The Life and Letters of Martin Luther

by Reserved Smith PH.D. 1911

Martin Luther etching 1521The DIET OF WORMS. 1521 From Cologne Charles V proceeded to Mayence and thence to Worms, where he was about to open his first diet. The varied programme of the national assembly included the drafting of a constitution for the Empire and the formulation of grievances against the tyranny of the Roman hierarchy.  It could hardly hope to avoid the religious question then agitating the whole nation, but the unprecedented course of summoning the heretic to answer before the representatives of his nation was not decided on until after the estates had been sitting for a month.

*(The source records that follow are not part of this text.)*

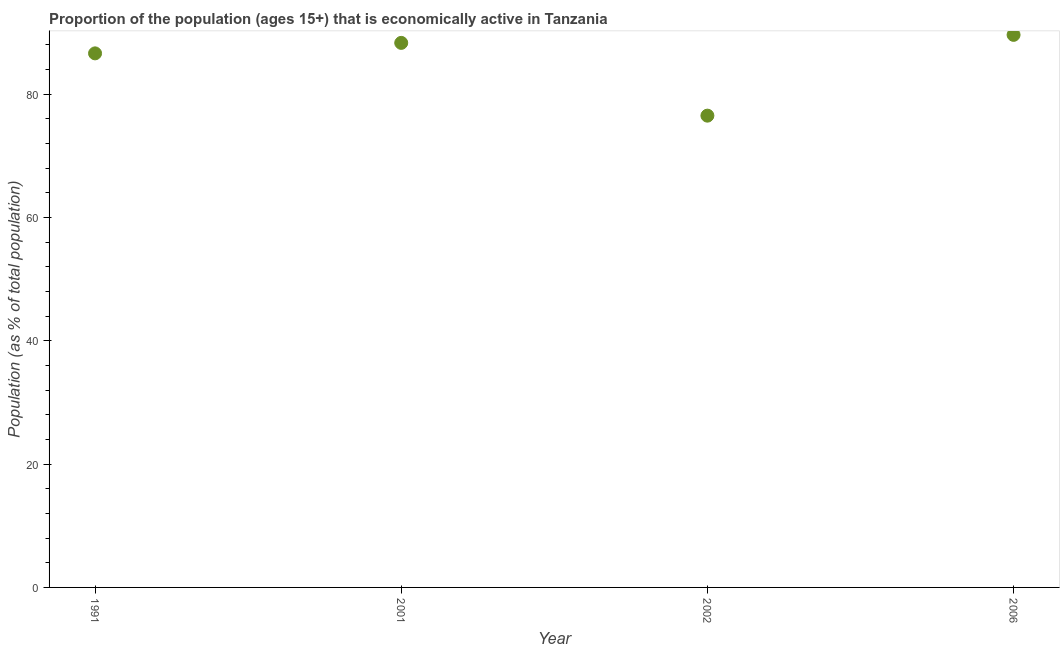What is the percentage of economically active population in 2006?
Your answer should be compact. 89.6. Across all years, what is the maximum percentage of economically active population?
Your response must be concise. 89.6. Across all years, what is the minimum percentage of economically active population?
Offer a terse response. 76.5. In which year was the percentage of economically active population maximum?
Keep it short and to the point. 2006. In which year was the percentage of economically active population minimum?
Offer a terse response. 2002. What is the sum of the percentage of economically active population?
Your answer should be very brief. 341. What is the difference between the percentage of economically active population in 2002 and 2006?
Offer a very short reply. -13.1. What is the average percentage of economically active population per year?
Provide a succinct answer. 85.25. What is the median percentage of economically active population?
Your answer should be very brief. 87.45. In how many years, is the percentage of economically active population greater than 56 %?
Keep it short and to the point. 4. What is the ratio of the percentage of economically active population in 2002 to that in 2006?
Your answer should be very brief. 0.85. Is the difference between the percentage of economically active population in 1991 and 2001 greater than the difference between any two years?
Provide a succinct answer. No. What is the difference between the highest and the second highest percentage of economically active population?
Your answer should be very brief. 1.3. What is the difference between the highest and the lowest percentage of economically active population?
Offer a terse response. 13.1. In how many years, is the percentage of economically active population greater than the average percentage of economically active population taken over all years?
Ensure brevity in your answer.  3. How many dotlines are there?
Your answer should be very brief. 1. How many years are there in the graph?
Make the answer very short. 4. What is the difference between two consecutive major ticks on the Y-axis?
Your answer should be compact. 20. Does the graph contain grids?
Provide a succinct answer. No. What is the title of the graph?
Your response must be concise. Proportion of the population (ages 15+) that is economically active in Tanzania. What is the label or title of the X-axis?
Provide a succinct answer. Year. What is the label or title of the Y-axis?
Make the answer very short. Population (as % of total population). What is the Population (as % of total population) in 1991?
Make the answer very short. 86.6. What is the Population (as % of total population) in 2001?
Provide a succinct answer. 88.3. What is the Population (as % of total population) in 2002?
Make the answer very short. 76.5. What is the Population (as % of total population) in 2006?
Offer a very short reply. 89.6. What is the difference between the Population (as % of total population) in 1991 and 2006?
Offer a terse response. -3. What is the difference between the Population (as % of total population) in 2001 and 2002?
Offer a terse response. 11.8. What is the difference between the Population (as % of total population) in 2002 and 2006?
Your answer should be very brief. -13.1. What is the ratio of the Population (as % of total population) in 1991 to that in 2001?
Ensure brevity in your answer.  0.98. What is the ratio of the Population (as % of total population) in 1991 to that in 2002?
Offer a terse response. 1.13. What is the ratio of the Population (as % of total population) in 1991 to that in 2006?
Your response must be concise. 0.97. What is the ratio of the Population (as % of total population) in 2001 to that in 2002?
Keep it short and to the point. 1.15. What is the ratio of the Population (as % of total population) in 2001 to that in 2006?
Provide a short and direct response. 0.98. What is the ratio of the Population (as % of total population) in 2002 to that in 2006?
Your answer should be compact. 0.85.

Luther himself, in appealing to the Emperor, did not expect to be called before the Diet; he hoped to be allowed to defend his doctrines before a specially appointed tribunal of able and impartial theologians.  This plan was pressed quietly but vigorously by Erasmus, the foremost living man of letters.  Besides his action in urging Frederic to insist on such a trial for his subject, the great humanist had, at Cologne, handed to the counsellors of the Emperor a short memorial, Advice of One heartily wishing the Peace of the Church, proposing the appointment of such a commission.  He partly won over the Emperor's confessor, Glapion, but Chievres and Gattinara, the real powers behind the imperial throne, remained in opposition.   A little later at Worms, John Faber, a Dominican friar, came forward with a similar plan, composed with the help of Erasmus.

Such a solution of the difficulty would have been most distasteful to the Curia.  Regarding the Wittenberg professor's opinions as res adjudicates, the Romanists saw no reason for giving him a chance to defend them, and wished only to punish the man already condemned.  This course was urged by Aleander, an extremely able and unscrupulous diplomat.  His chief support was the young emperor, whose formal, backward mind failed to comprehend and even detested any variation from the faith in which he had been brought up.